Monday, January 28, 2008

Missing the Boat
by: Schvach Yid

The Chumash, and in fact the entire Tanakh, is filled with violence, especially violence performed or commanded by HaShem. Anyone, rabbinical seminary professor, rabbi, student, or lay person, who has bothered to read the weekly parsha for the entire yearly cycle, knows this.

Judaism is not about peace, nor is it about violence. It’s about living in accordance with Gd’s commandments as given in Torah. As any good New Yorker will tell you, one has to ‘do what you gotta do’. In the case of Judaism, this means living in compliance with Gd’s given commandments. And no, it’s never about interpersonal abuse.

There is an enormous difference between living a life of Torah and mitzvot, and carving out a career as an academic in a nouveau theme-defined school that attempts to meld rabbinics and academics by abandoning tradition and advocating concocted social/political policies.

It appears that those in the Jewish community who have chosen to assign to themselves positions of religious leadership and the usurped authority of redefining Jewish life and values have spent their time missing the curb, always landing their misguided strides off target.

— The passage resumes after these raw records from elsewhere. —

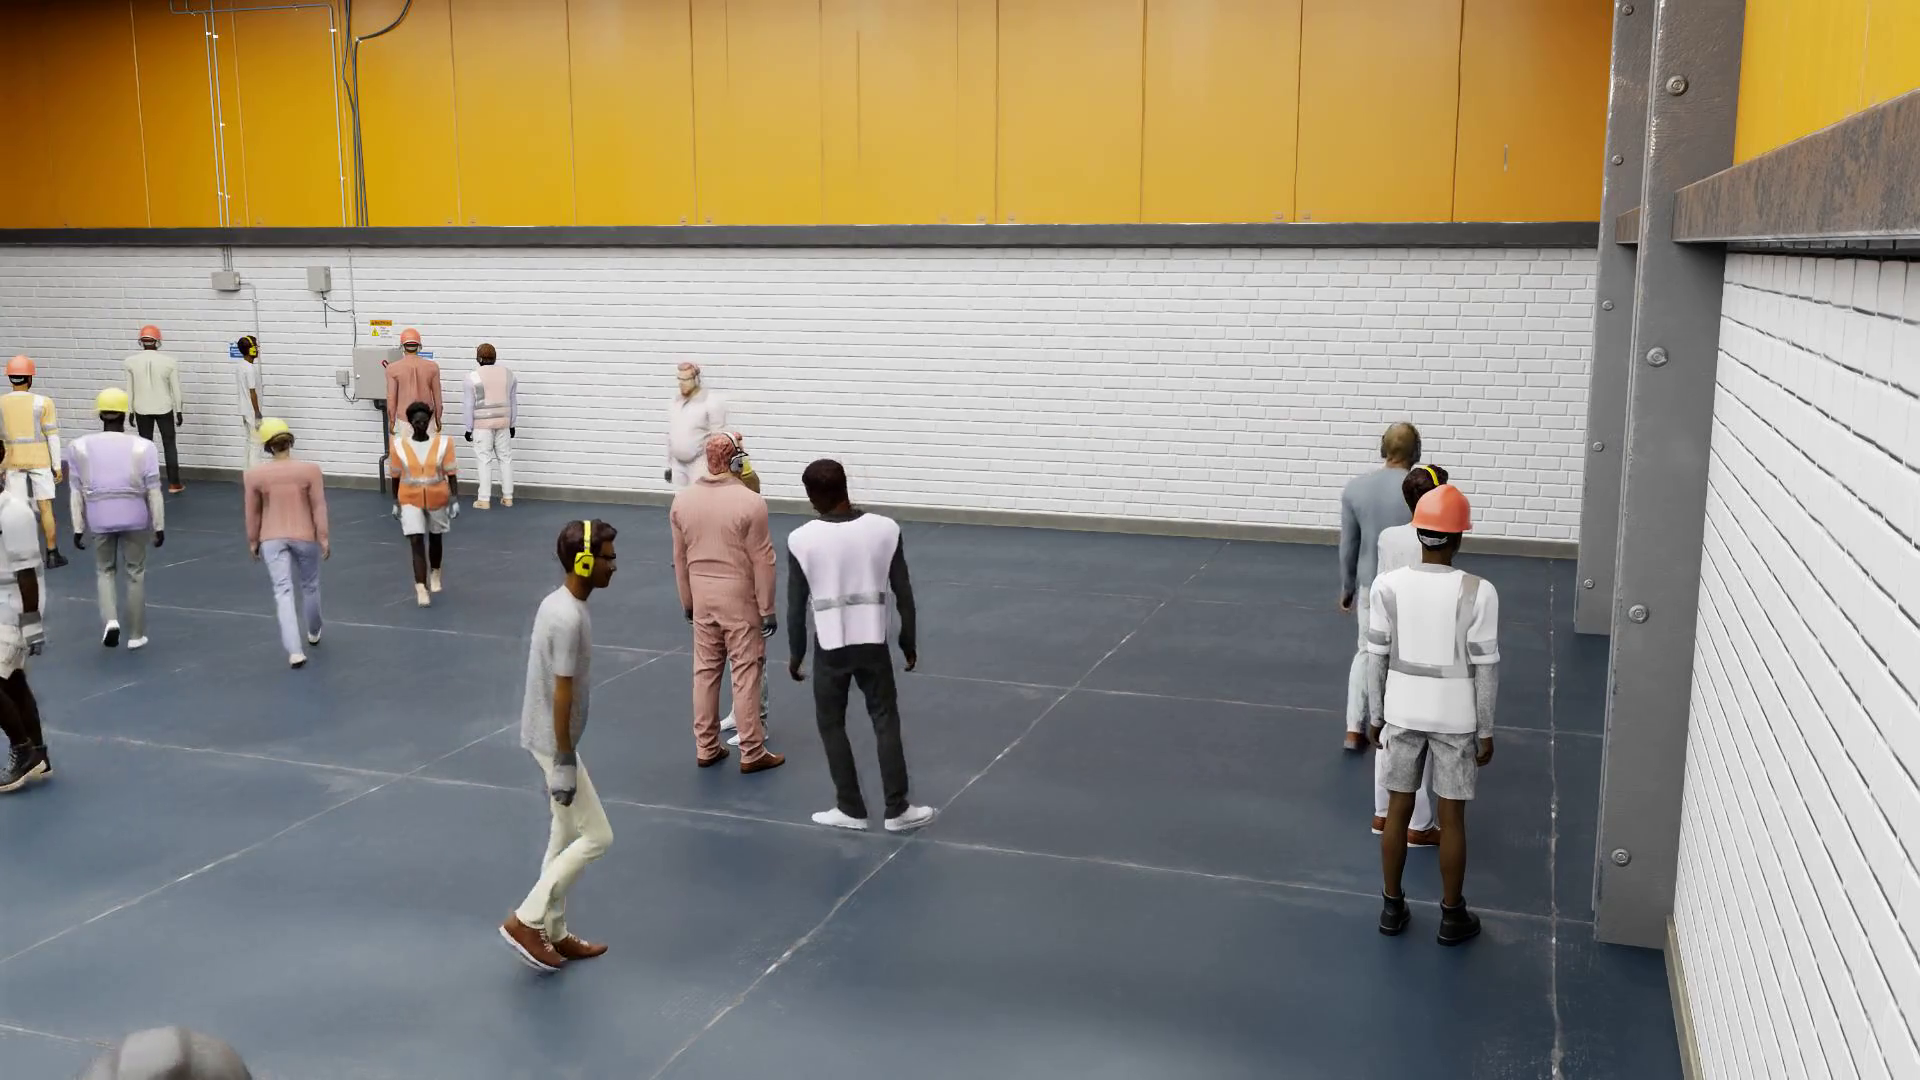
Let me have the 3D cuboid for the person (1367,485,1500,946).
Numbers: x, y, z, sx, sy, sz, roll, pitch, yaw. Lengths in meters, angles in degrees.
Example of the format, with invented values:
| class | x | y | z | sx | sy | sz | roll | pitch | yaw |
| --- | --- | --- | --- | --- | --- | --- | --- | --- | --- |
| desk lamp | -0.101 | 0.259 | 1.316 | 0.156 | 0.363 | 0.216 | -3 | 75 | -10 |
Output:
| class | x | y | z | sx | sy | sz | roll | pitch | yaw |
| --- | --- | --- | --- | --- | --- | --- | --- | --- | --- |
| person | 1.980 | 0.732 | 6.984 | 0.543 | 1.939 | 0.360 | 6 | 12 | 30 |

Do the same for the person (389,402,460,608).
| class | x | y | z | sx | sy | sz | roll | pitch | yaw |
| --- | --- | --- | --- | --- | --- | --- | --- | --- | --- |
| person | -4.411 | -0.321 | 13.712 | 0.539 | 1.659 | 0.870 | -4 | 11 | -21 |

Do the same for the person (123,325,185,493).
| class | x | y | z | sx | sy | sz | roll | pitch | yaw |
| --- | --- | --- | --- | --- | --- | --- | --- | --- | --- |
| person | -9.520 | -1.542 | 19.659 | 0.615 | 1.991 | 0.397 | -3 | 11 | -18 |

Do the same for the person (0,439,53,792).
| class | x | y | z | sx | sy | sz | roll | pitch | yaw |
| --- | --- | --- | --- | --- | --- | --- | --- | --- | --- |
| person | -5.156 | 0.392 | 8.866 | 0.628 | 1.943 | 0.517 | 10 | 14 | 43 |

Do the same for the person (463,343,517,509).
| class | x | y | z | sx | sy | sz | roll | pitch | yaw |
| --- | --- | --- | --- | --- | --- | --- | --- | --- | --- |
| person | -5.234 | -1.267 | 18.517 | 0.627 | 1.844 | 0.429 | -8 | 13 | -40 |

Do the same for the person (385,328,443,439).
| class | x | y | z | sx | sy | sz | roll | pitch | yaw |
| --- | --- | --- | --- | --- | --- | --- | --- | --- | --- |
| person | -6.137 | -1.382 | 18.732 | 0.612 | 1.995 | 0.382 | -6 | 12 | -30 |

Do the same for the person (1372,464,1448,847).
| class | x | y | z | sx | sy | sz | roll | pitch | yaw |
| --- | --- | --- | --- | --- | --- | --- | --- | --- | --- |
| person | 2.239 | 0.561 | 8.139 | 0.328 | 1.874 | 0.521 | -5 | 11 | -27 |

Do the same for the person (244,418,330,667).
| class | x | y | z | sx | sy | sz | roll | pitch | yaw |
| --- | --- | --- | --- | --- | --- | --- | --- | --- | --- |
| person | -4.741 | -0.005 | 11.751 | 0.540 | 1.706 | 0.930 | -4 | 11 | -19 |

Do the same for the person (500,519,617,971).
| class | x | y | z | sx | sy | sz | roll | pitch | yaw |
| --- | --- | --- | --- | --- | --- | --- | --- | --- | --- |
| person | -1.565 | 0.835 | 6.693 | 0.438 | 1.835 | 0.544 | -3 | 10 | -14 |

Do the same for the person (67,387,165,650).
| class | x | y | z | sx | sy | sz | roll | pitch | yaw |
| --- | --- | --- | --- | --- | --- | --- | --- | --- | --- |
| person | -6.059 | -0.142 | 11.989 | 0.605 | 1.909 | 0.418 | -3 | 11 | -19 |

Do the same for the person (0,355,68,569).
| class | x | y | z | sx | sy | sz | roll | pitch | yaw |
| --- | --- | --- | --- | --- | --- | --- | --- | --- | --- |
| person | -8.409 | -0.694 | 15.018 | 0.552 | 1.936 | 0.359 | -3 | 10 | -14 |

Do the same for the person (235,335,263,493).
| class | x | y | z | sx | sy | sz | roll | pitch | yaw |
| --- | --- | --- | --- | --- | --- | --- | --- | --- | --- |
| person | -8.283 | -1.459 | 19.504 | 0.317 | 1.876 | 0.531 | -8 | 13 | -37 |

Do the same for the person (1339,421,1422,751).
| class | x | y | z | sx | sy | sz | roll | pitch | yaw |
| --- | --- | --- | --- | --- | --- | --- | --- | --- | --- |
| person | 2.488 | 0.282 | 9.542 | 0.639 | 1.941 | 0.396 | 8 | 13 | 38 |

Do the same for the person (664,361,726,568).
| class | x | y | z | sx | sy | sz | roll | pitch | yaw |
| --- | --- | --- | --- | --- | --- | --- | --- | --- | --- |
| person | -2.393 | -0.696 | 15.181 | 0.641 | 1.886 | 0.552 | 7 | 12 | 34 |

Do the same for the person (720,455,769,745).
| class | x | y | z | sx | sy | sz | roll | pitch | yaw |
| --- | --- | --- | --- | --- | --- | --- | --- | --- | --- |
| person | -1.315 | 0.331 | 9.803 | 0.303 | 1.740 | 0.485 | -5 | 11 | -26 |

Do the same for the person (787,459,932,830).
| class | x | y | z | sx | sy | sz | roll | pitch | yaw |
| --- | --- | --- | --- | --- | --- | --- | --- | --- | --- |
| person | -0.482 | 0.533 | 8.291 | 0.745 | 1.881 | 0.368 | -3 | 11 | -17 |

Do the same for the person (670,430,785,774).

As a result, after more than a century and a half of these poorly directed ambitions by the ‘sub-Orthodox’ movements of Judaism, we of the Jewish community are in the sad state of having to describe ourselves as ‘Jewish communities’, with nary any agreement between Orthodox Jews and ‘all other’ Jews, not to mention the often times overt animus expressed by followers of one strain of Judaism toward the others.

As substitutes for Jewish Orthodoxy that have attempted to retain Jews who are insistent on the pursuit of non-Jewish lives, and who in fact have little use for Judaism, these organizational proxies for Orthodox Judaism have largely failed.

I think politics has a poor place in Judaism. Regrettably, politics is forced on Jews as a national entity, but as religious life it just doesn’t belong. To invent a Jewish organization that purports to constitute a ‘movement’ of Judaism, thus recruiting organizational fealty from Jews and redefining Jewish identity for its adherents, and that replaces the traditional teachings and emunah of Judaism with politics and social activism on behalf of ‘greater causes’, has been self destructive.

The Jew who is sufficiently distracted in his life as a Jew with world over population and his own ‘carbon footprint’ to the elimination of a life of Torah hasn’t redefined Jewish values at all. This individual has simply left (get it?) Judaism.

I once heard a Conservative Movement rabbi declare in his sermon, ‘Judaism is the pursuit of the good life’. Lousy salesman.

All this critique is intended as a response to the kvetch of a rabbinic student at the Reform Movement seminary HUC, as posted on Seraphic Secret at:

No offense is intended, certainly not Leshon Hara, but the fact is the Reform Movement of Judaism is lost. They evidently want to be Jewish without being Jewish - not too Jewish, but instead not Jewish at all - but they still insist on clinging onto the identity, as though the identity alone, devoid of the substance of a life of Torah and mitzvot, confers personal value. That just isn’t so.

Judaism is about neither liberal politics, nor conservative politics. Judaism is not about politics. HaShem didn’t appear to us at Mount Sinai and say: ‘Here’s my platform, vote for me’. Were our antecedents commanded to schech rachmonas on the poor slain Egyptians?

What was Joshua commanded to do upon entering the ‘Promised Land’? Go ahead and chaptzem read, there’s nothing nice about it, and yet we are commanded to provide for the stranger among us.

These things we do because they are mitzvot, not because they feel good, and certainly not because they provide the ambitious individual Jew with a career niche. I wish this HUC rabbinical candidate all the best in his life’s pursuits. I think the Reform movement, and the professor he described, have gotten it all wrong.